Problem to work on: Pictures appear among the records. Write out all else exactly as it stands.

Collected data entries:
■ ■ ■ ■ ■ ■ ■
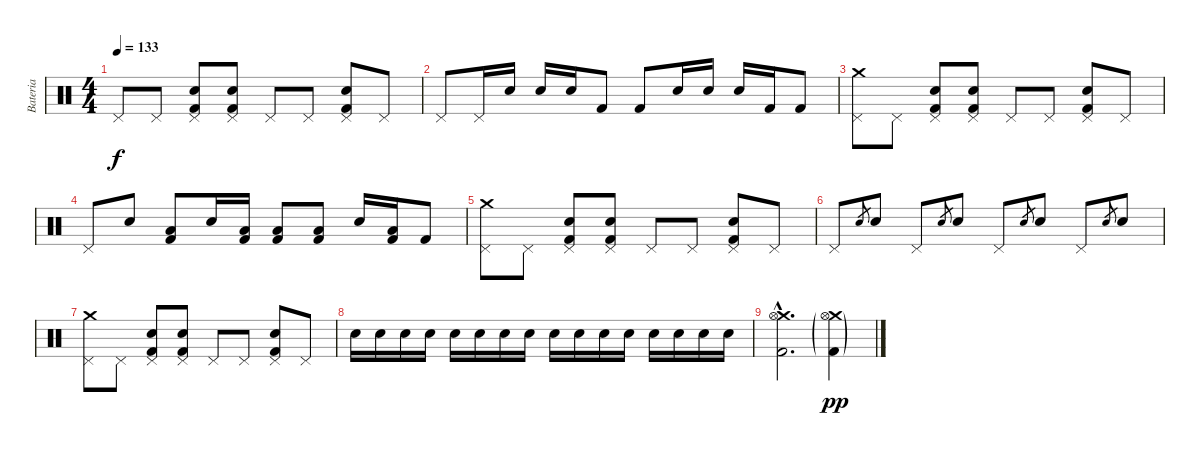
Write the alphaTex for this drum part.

\track ("Bateria" "Bateria") {instrument percussion}
\staff {score}
\articulation defaults
\ts (4 4)
\tempo 133
\clef neutral
\ks c "Pedal Hi-Hat (hit)".8{dy f} "Pedal Hi-Hat (hit)".8
("Kick (hit) 2" "Pedal Hi-Hat (hit)" "Electric Snare (hit)").8 ("Kick (hit) 2" "Pedal Hi-Hat (hit)" "Electric Snare (hit)").8 "Pedal Hi-Hat (hit)".8 "Pedal Hi-Hat (hit)".8 ("Kick (hit) 2" "Pedal Hi-Hat (hit)" "Electric Snare (hit)").8 "Pedal Hi-Hat (hit)".8 |
"Pedal Hi-Hat (hit)".8 "Pedal Hi-Hat (hit)".16 "Electric Snare (hit)".16 "Electric Snare (hit)".16 "Electric Snare (hit)".16 "Kick (hit) 2".8 "Kick (hit) 2".8 "Electric Snare (hit)".16 "Electric Snare (hit)".16 "Electric Snare (hit)".16 "Kick (hit) 2".16 "Kick (hit) 2".8 |
("Crash medium (hit)" "Pedal Hi-Hat (hit)").8 "Pedal Hi-Hat (hit)".8 ("Kick (hit) 2" "Pedal Hi-Hat (hit)" "Electric Snare (hit)").8 ("Kick (hit) 2" "Pedal Hi-Hat (hit)" "Electric Snare (hit)").8 "Pedal Hi-Hat (hit)".8 "Pedal Hi-Hat (hit)".8 ("Kick (hit) 2" "Pedal Hi-Hat (hit)" "Electric Snare (hit)").8 "Pedal Hi-Hat (hit)".8 |
"Pedal Hi-Hat (hit)".8 "Electric Snare (hit)".8 ("Kick (hit) 2" "Low Tom (hit)").8 "Electric Snare (hit)".16 ("Kick (hit) 2" "Low Tom (hit)").16 ("Kick (hit) 2" "Low Tom (hit)").8 ("Kick (hit) 2" "Low Tom (hit)").8 "Electric Snare (hit)".16 ("Kick (hit) 2" "Low Tom (hit)").16 "Kick (hit) 2".8 |
("Crash medium (hit)" "Pedal Hi-Hat (hit)").8 "Pedal Hi-Hat (hit)".8 ("Kick (hit) 2" "Pedal Hi-Hat (hit)" "Electric Snare (hit)").8 ("Kick (hit) 2" "Pedal Hi-Hat (hit)" "Electric Snare (hit)").8 "Pedal Hi-Hat (hit)".8 "Pedal Hi-Hat (hit)".8 ("Kick (hit) 2" "Pedal Hi-Hat (hit)" "Electric Snare (hit)").8 "Pedal Hi-Hat (hit)".8 |
"Pedal Hi-Hat (hit)".8 "Electric Snare (hit)".8{gr} "Electric Snare (hit)".8 "Pedal Hi-Hat (hit)".8 "Electric Snare (hit)".8{gr} "Electric Snare (hit)".8 "Pedal Hi-Hat (hit)".8 "Electric Snare (hit)".8{gr} "Electric Snare (hit)".8 "Pedal Hi-Hat (hit)".8 "Electric Snare (hit)".8{gr} "Electric Snare (hit)".8 |
("Crash medium (hit)" "Pedal Hi-Hat (hit)").8 "Pedal Hi-Hat (hit)".8 ("Kick (hit) 2" "Pedal Hi-Hat (hit)" "Electric Snare (hit)").8 ("Kick (hit) 2" "Pedal Hi-Hat (hit)" "Electric Snare (hit)").8 "Pedal Hi-Hat (hit)".8 "Pedal Hi-Hat (hit)".8 ("Kick (hit) 2" "Pedal Hi-Hat (hit)" "Electric Snare (hit)").8 "Pedal Hi-Hat (hit)".8 |
"Electric Snare (hit)".16 "Electric Snare (hit)".16 "Electric Snare (hit)".16 "Electric Snare (hit)".16 "Electric Snare (hit)".16 "Electric Snare (hit)".16 "Electric Snare (hit)".16 "Electric Snare (hit)".16 "Electric Snare (hit)".16 "Electric Snare (hit)".16 "Electric Snare (hit)".16 "Electric Snare (hit)".16 "Electric Snare (hit)".16 "Electric Snare (hit)".16 "Electric Snare (hit)".16 "Electric Snare (hit)".16 |
("Crash medium (hit)"{hac} "Kick (hit) 2"{hac} "Hi-Hat (open)"{hac}).2{d} ("Crash medium (hit)"{g} "Kick (hit) 2"{g} "Hi-Hat (open)"{g}).4{dy pp}
■ ■ ■ ■ ■ ■ ■
Finished task:
Write the alphaTex for this drum part.

\track ("Bateria" "Bateria") {instrument percussion}
\staff {score}
\articulation defaults
\ts (4 4)
\tempo 133
\clef neutral
\ks c "Pedal Hi-Hat (hit)".8{dy f} "Pedal Hi-Hat (hit)".8
("Kick (hit) 2" "Pedal Hi-Hat (hit)" "Electric Snare (hit)").8 ("Kick (hit) 2" "Pedal Hi-Hat (hit)" "Electric Snare (hit)").8 "Pedal Hi-Hat (hit)".8 "Pedal Hi-Hat (hit)".8 ("Kick (hit) 2" "Pedal Hi-Hat (hit)" "Electric Snare (hit)").8 "Pedal Hi-Hat (hit)".8 |
"Pedal Hi-Hat (hit)".8 "Pedal Hi-Hat (hit)".16 "Electric Snare (hit)".16 "Electric Snare (hit)".16 "Electric Snare (hit)".16 "Kick (hit) 2".8 "Kick (hit) 2".8 "Electric Snare (hit)".16 "Electric Snare (hit)".16 "Electric Snare (hit)".16 "Kick (hit) 2".16 "Kick (hit) 2".8 |
("Crash medium (hit)" "Pedal Hi-Hat (hit)").8 "Pedal Hi-Hat (hit)".8 ("Kick (hit) 2" "Pedal Hi-Hat (hit)" "Electric Snare (hit)").8 ("Kick (hit) 2" "Pedal Hi-Hat (hit)" "Electric Snare (hit)").8 "Pedal Hi-Hat (hit)".8 "Pedal Hi-Hat (hit)".8 ("Kick (hit) 2" "Pedal Hi-Hat (hit)" "Electric Snare (hit)").8 "Pedal Hi-Hat (hit)".8 |
"Pedal Hi-Hat (hit)".8 "Electric Snare (hit)".8 ("Kick (hit) 2" "Low Tom (hit)").8 "Electric Snare (hit)".16 ("Kick (hit) 2" "Low Tom (hit)").16 ("Kick (hit) 2" "Low Tom (hit)").8 ("Kick (hit) 2" "Low Tom (hit)").8 "Electric Snare (hit)".16 ("Kick (hit) 2" "Low Tom (hit)").16 "Kick (hit) 2".8 |
("Crash medium (hit)" "Pedal Hi-Hat (hit)").8 "Pedal Hi-Hat (hit)".8 ("Kick (hit) 2" "Pedal Hi-Hat (hit)" "Electric Snare (hit)").8 ("Kick (hit) 2" "Pedal Hi-Hat (hit)" "Electric Snare (hit)").8 "Pedal Hi-Hat (hit)".8 "Pedal Hi-Hat (hit)".8 ("Kick (hit) 2" "Pedal Hi-Hat (hit)" "Electric Snare (hit)").8 "Pedal Hi-Hat (hit)".8 |
"Pedal Hi-Hat (hit)".8 "Electric Snare (hit)".8{gr} "Electric Snare (hit)".8 "Pedal Hi-Hat (hit)".8 "Electric Snare (hit)".8{gr} "Electric Snare (hit)".8 "Pedal Hi-Hat (hit)".8 "Electric Snare (hit)".8{gr} "Electric Snare (hit)".8 "Pedal Hi-Hat (hit)".8 "Electric Snare (hit)".8{gr} "Electric Snare (hit)".8 |
("Crash medium (hit)" "Pedal Hi-Hat (hit)").8 "Pedal Hi-Hat (hit)".8 ("Kick (hit) 2" "Pedal Hi-Hat (hit)" "Electric Snare (hit)").8 ("Kick (hit) 2" "Pedal Hi-Hat (hit)" "Electric Snare (hit)").8 "Pedal Hi-Hat (hit)".8 "Pedal Hi-Hat (hit)".8 ("Kick (hit) 2" "Pedal Hi-Hat (hit)" "Electric Snare (hit)").8 "Pedal Hi-Hat (hit)".8 |
"Electric Snare (hit)".16 "Electric Snare (hit)".16 "Electric Snare (hit)".16 "Electric Snare (hit)".16 "Electric Snare (hit)".16 "Electric Snare (hit)".16 "Electric Snare (hit)".16 "Electric Snare (hit)".16 "Electric Snare (hit)".16 "Electric Snare (hit)".16 "Electric Snare (hit)".16 "Electric Snare (hit)".16 "Electric Snare (hit)".16 "Electric Snare (hit)".16 "Electric Snare (hit)".16 "Electric Snare (hit)".16 |
("Crash medium (hit)"{hac} "Kick (hit) 2"{hac} "Hi-Hat (open)"{hac}).2{d} ("Crash medium (hit)"{g} "Kick (hit) 2"{g} "Hi-Hat (open)"{g}).4{dy pp}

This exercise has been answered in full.